PROBLEM TO WORK ON: Every line below that contains "from" is to be copied.

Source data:
* * * * *

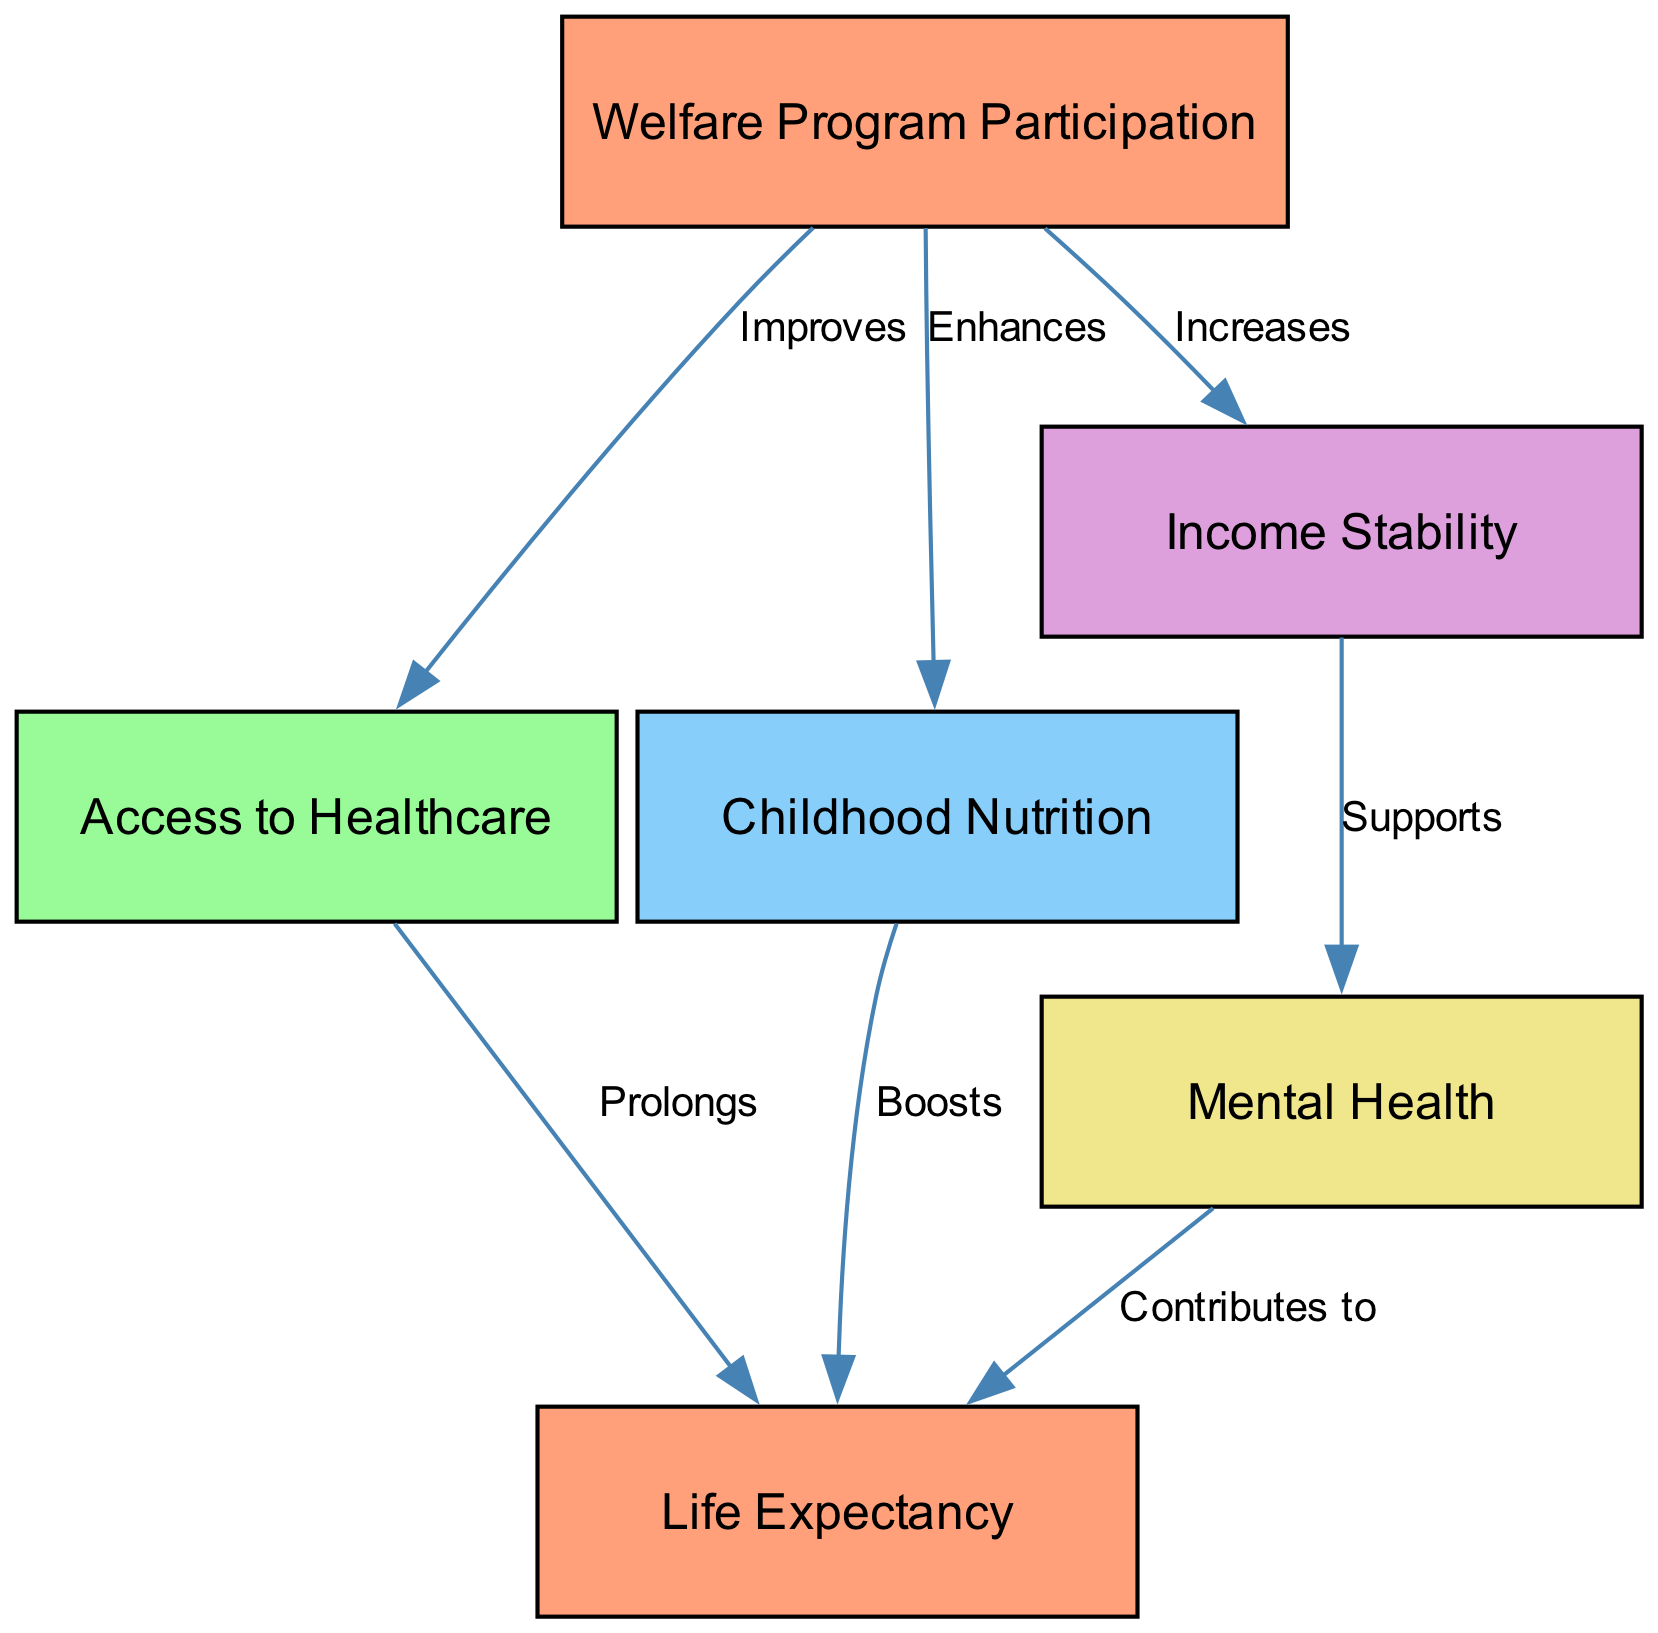What are the primary health indicators influenced by welfare program participation? According to the diagram, the primary health indicators influenced by welfare program participation are access to healthcare, childhood nutrition, and life expectancy. This is shown by the direct edges connecting welfare programs to these indicators.
Answer: Access to Healthcare, Childhood Nutrition, Life Expectancy How many nodes are present in the diagram? The diagram contains six nodes: welfare programs, access to healthcare, childhood nutrition, income stability, mental health, and life expectancy. By counting each unique node listed, the total is established.
Answer: 6 What does welfare program participation enhance? Welfare program participation enhances childhood nutrition, as indicated by the directed edge from welfare programs to childhood nutrition labeled "Enhances."
Answer: Childhood Nutrition Which indicator is supported by income stability? Income stability supports mental health, as shown by the edge leading from income stability to mental health marked "Supports."
Answer: Mental Health What is the final health outcome linked to access to healthcare? Access to healthcare contributes to the final health outcome of life expectancy, as demonstrated by the directed edge from access to healthcare to life expectancy labeled "Prolongs."
Answer: Life Expectancy Which two health indicators directly boost life expectancy? The two health indicators that directly boost life expectancy are childhood nutrition and access to healthcare, as both are connected by edges leading to life expectancy with labels "Boosts" and "Prolongs," respectively.
Answer: Childhood Nutrition, Access to Healthcare If income stability increases, what specific health outcome may improve as a result? If income stability increases, mental health may improve as a result, based on the diagram's depiction of the relationship where income stability supports mental health.
Answer: Mental Health What role does mental health play concerning life expectancy? Mental health contributes to life expectancy, indicated by the edge labeled "Contributes to" connecting mental health to life expectancy in the diagram.
Answer: Contributes to Which node does not have any incoming edges? The node that does not have any incoming edges is welfare program participation, as it serves as the source node for various connections but has no edges directed toward it.
Answer: Welfare Program Participation 
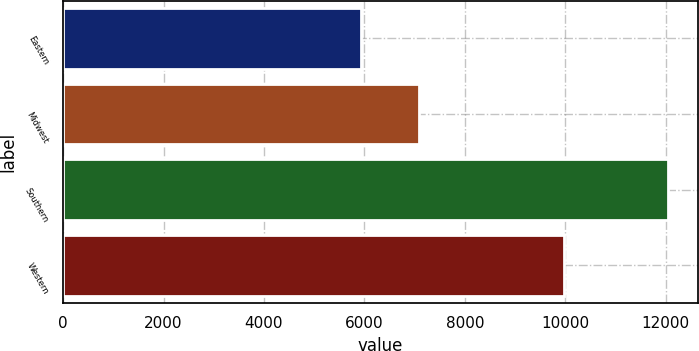Convert chart to OTSL. <chart><loc_0><loc_0><loc_500><loc_500><bar_chart><fcel>Eastern<fcel>Midwest<fcel>Southern<fcel>Western<nl><fcel>5934<fcel>7081<fcel>12039<fcel>9981<nl></chart> 
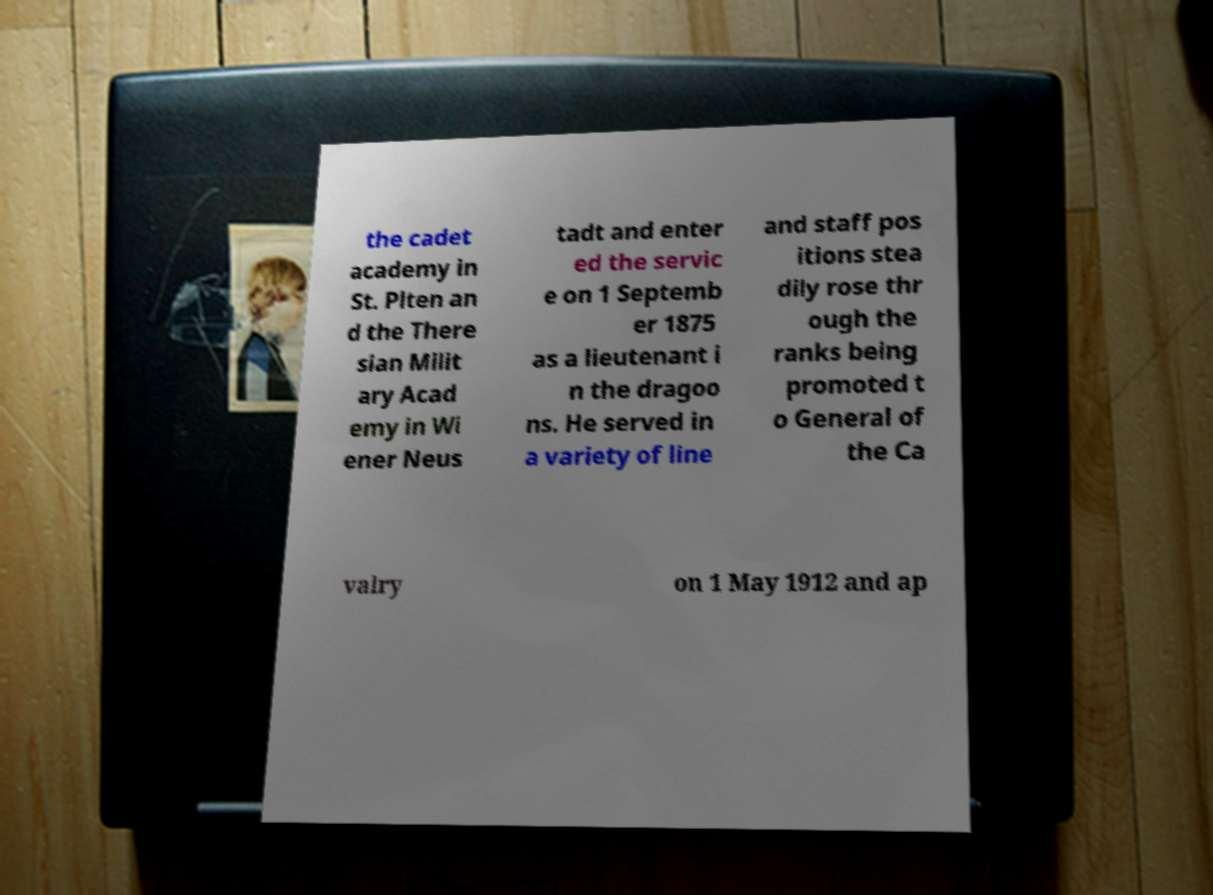What messages or text are displayed in this image? I need them in a readable, typed format. the cadet academy in St. Plten an d the There sian Milit ary Acad emy in Wi ener Neus tadt and enter ed the servic e on 1 Septemb er 1875 as a lieutenant i n the dragoo ns. He served in a variety of line and staff pos itions stea dily rose thr ough the ranks being promoted t o General of the Ca valry on 1 May 1912 and ap 
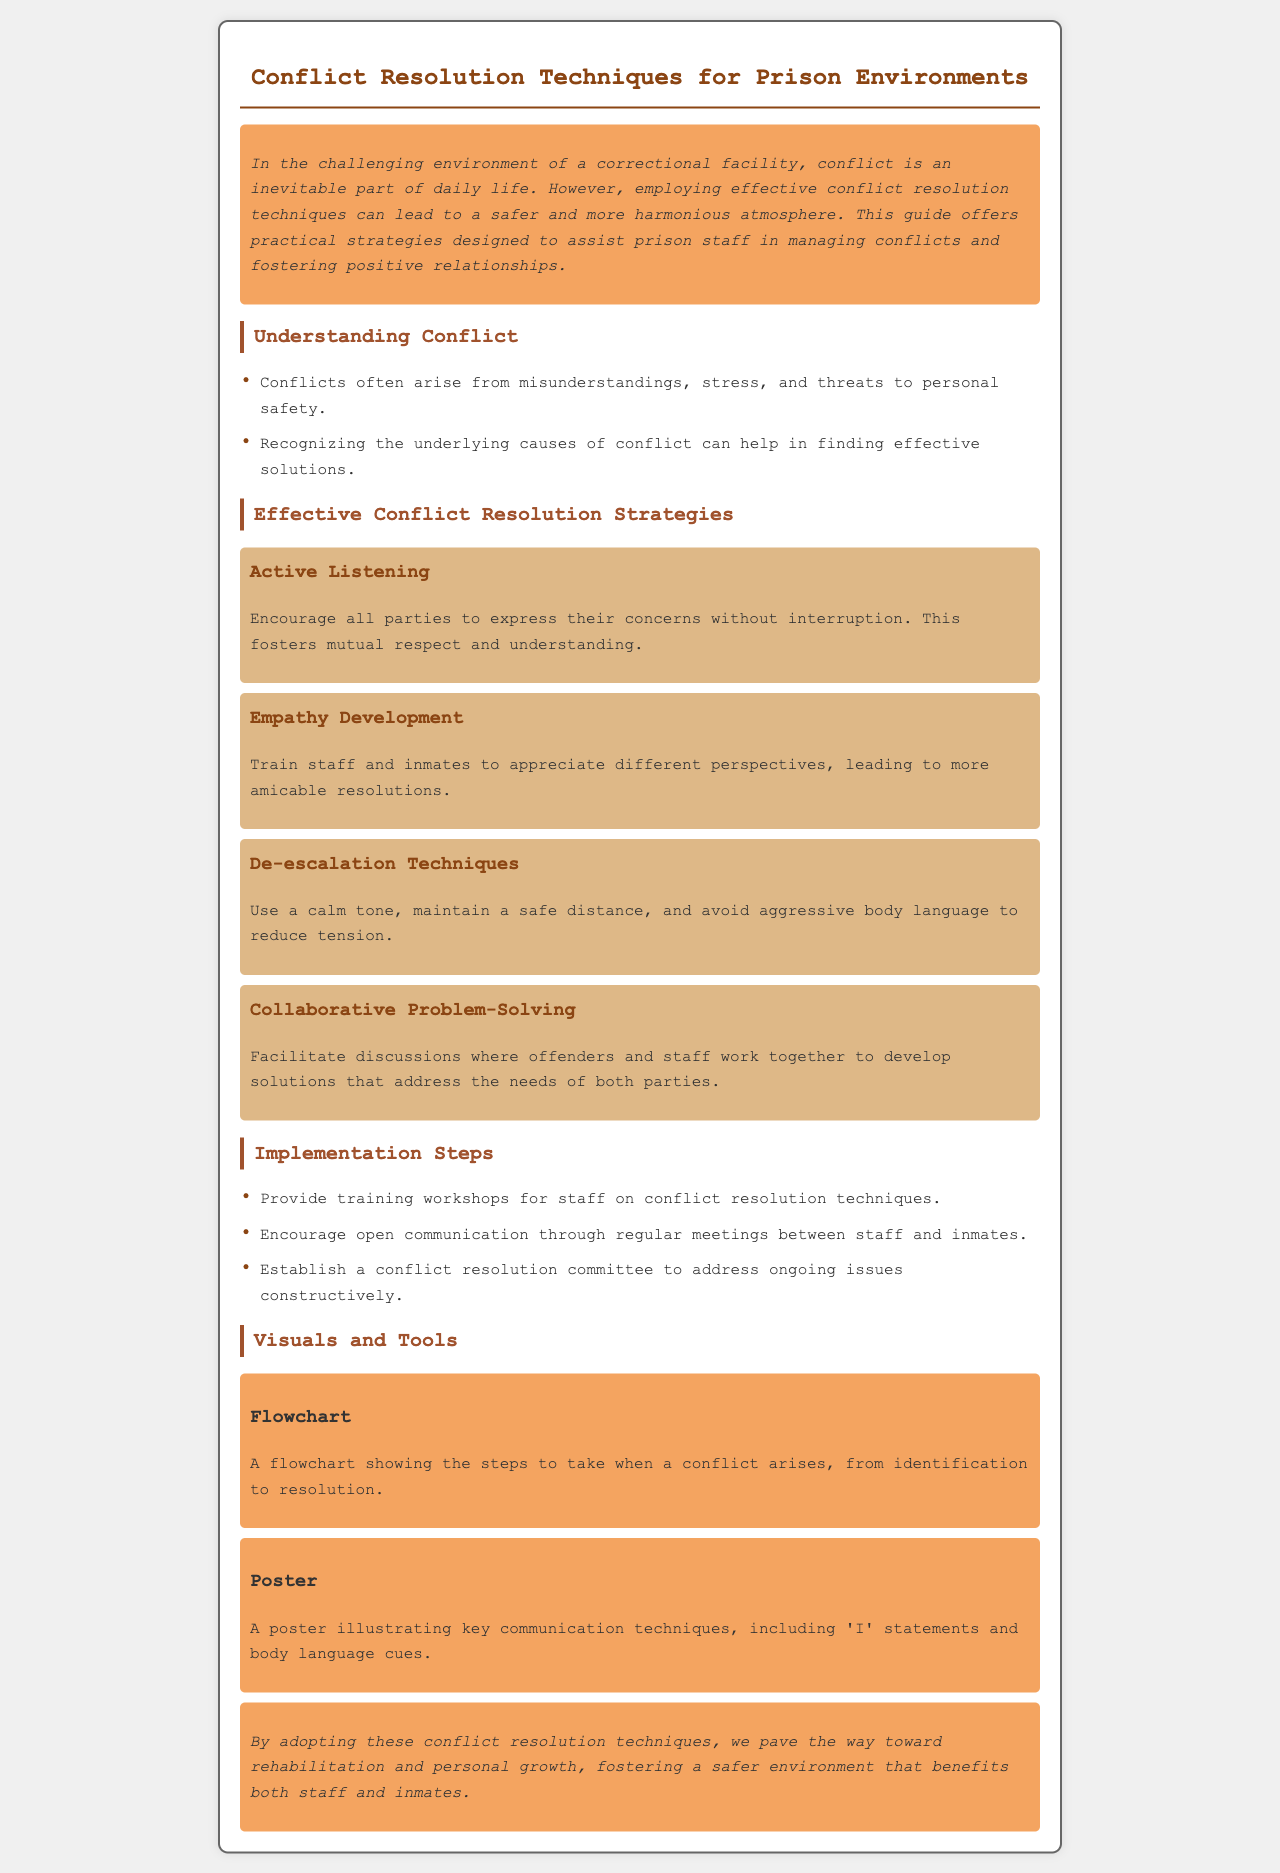What is the title of the brochure? The title is specified at the top of the brochure, indicating the focus of the document.
Answer: Conflict Resolution Techniques for Prison Environments What is one underlying cause of conflict mentioned? The document lists specific factors that can lead to conflicts, found in the understanding section.
Answer: Misunderstandings What technique encourages parties to express their concerns without interruption? This technique is specifically highlighted in the strategies section as promoting mutual respect.
Answer: Active Listening What should be established to address ongoing issues constructively? The document suggests a specific group or committee for addressing conflicts, indicating its importance.
Answer: Conflict resolution committee What is a visual tool mentioned in the brochure? The brochure includes reference to visual aids that support understanding of key concepts.
Answer: Flowchart What tone should be used to reduce tension during conflicts? The document specifies a certain demeanor to foster a calmer environment.
Answer: Calm tone How many conflict resolution strategies are listed? By counting the strategies outlined in the document, we can provide a precise total.
Answer: Four 
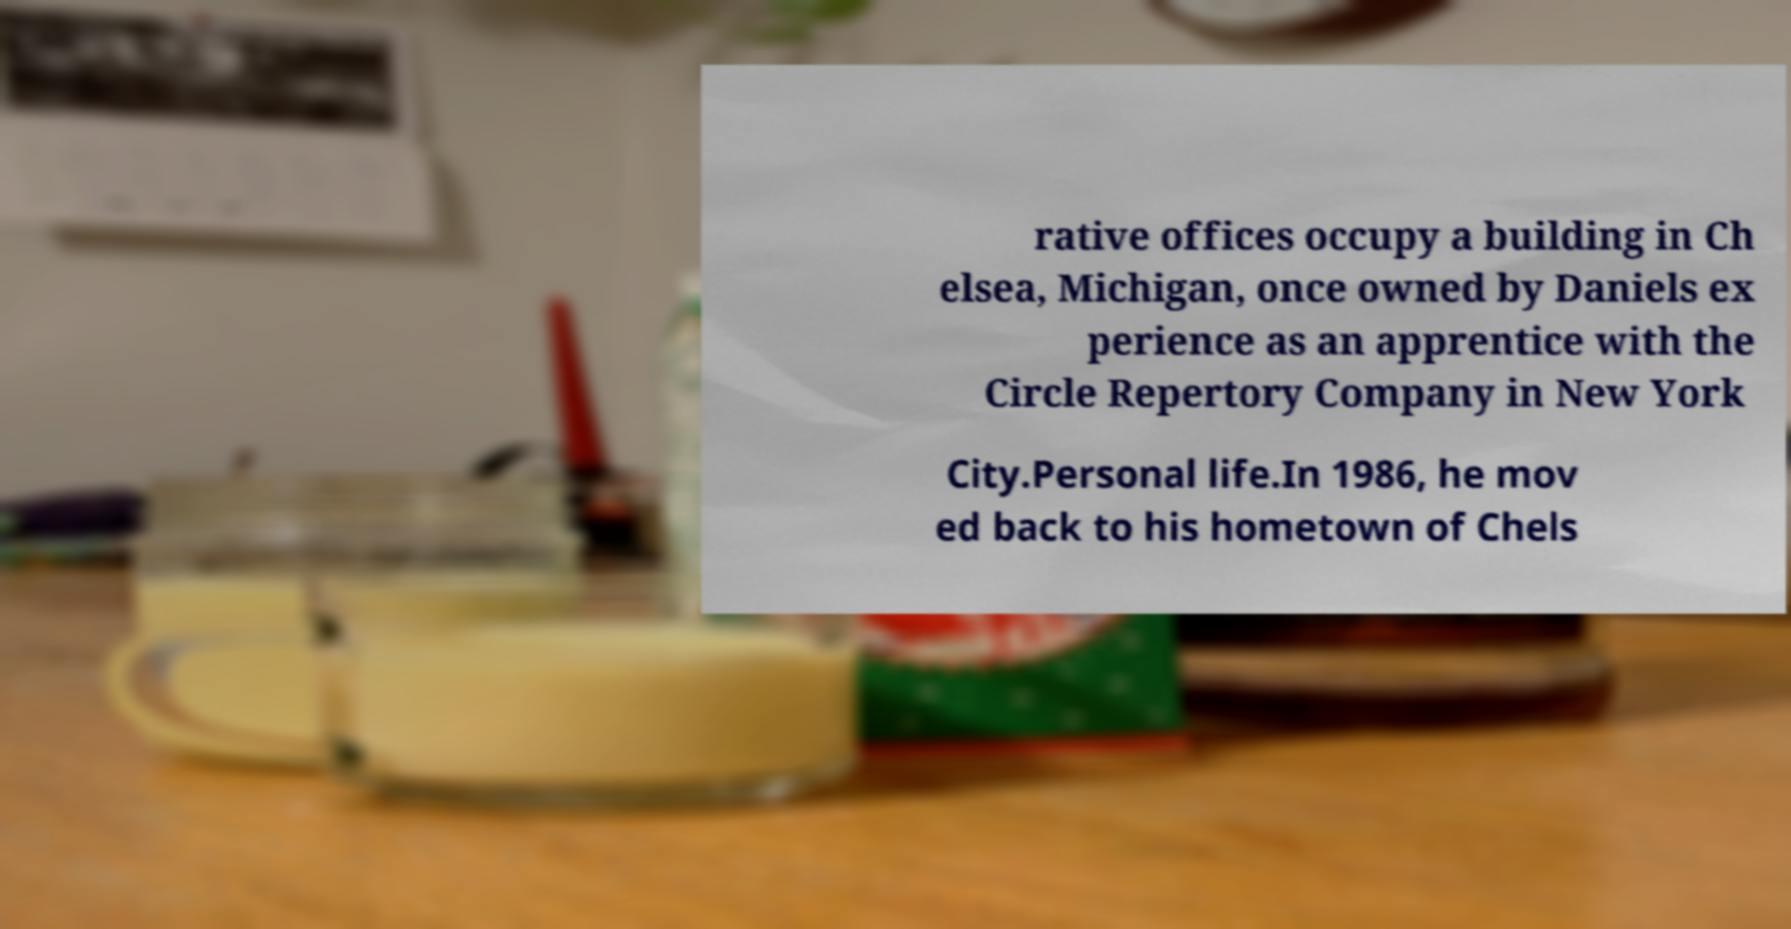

* * * * *

RESULT FOR THIS EXERCISE:
Answer: 6 What does welfare program participation enhance? Welfare program participation enhances childhood nutrition, as indicated by the directed edge from welfare programs to childhood nutrition labeled "Enhances."
Answer: Childhood Nutrition Which indicator is supported by income stability? Income stability supports mental health, as shown by the edge leading from income stability to mental health marked "Supports."
Answer: Mental Health What is the final health outcome linked to access to healthcare? Access to healthcare contributes to the final health outcome of life expectancy, as demonstrated by the directed edge from access to healthcare to life expectancy labeled "Prolongs."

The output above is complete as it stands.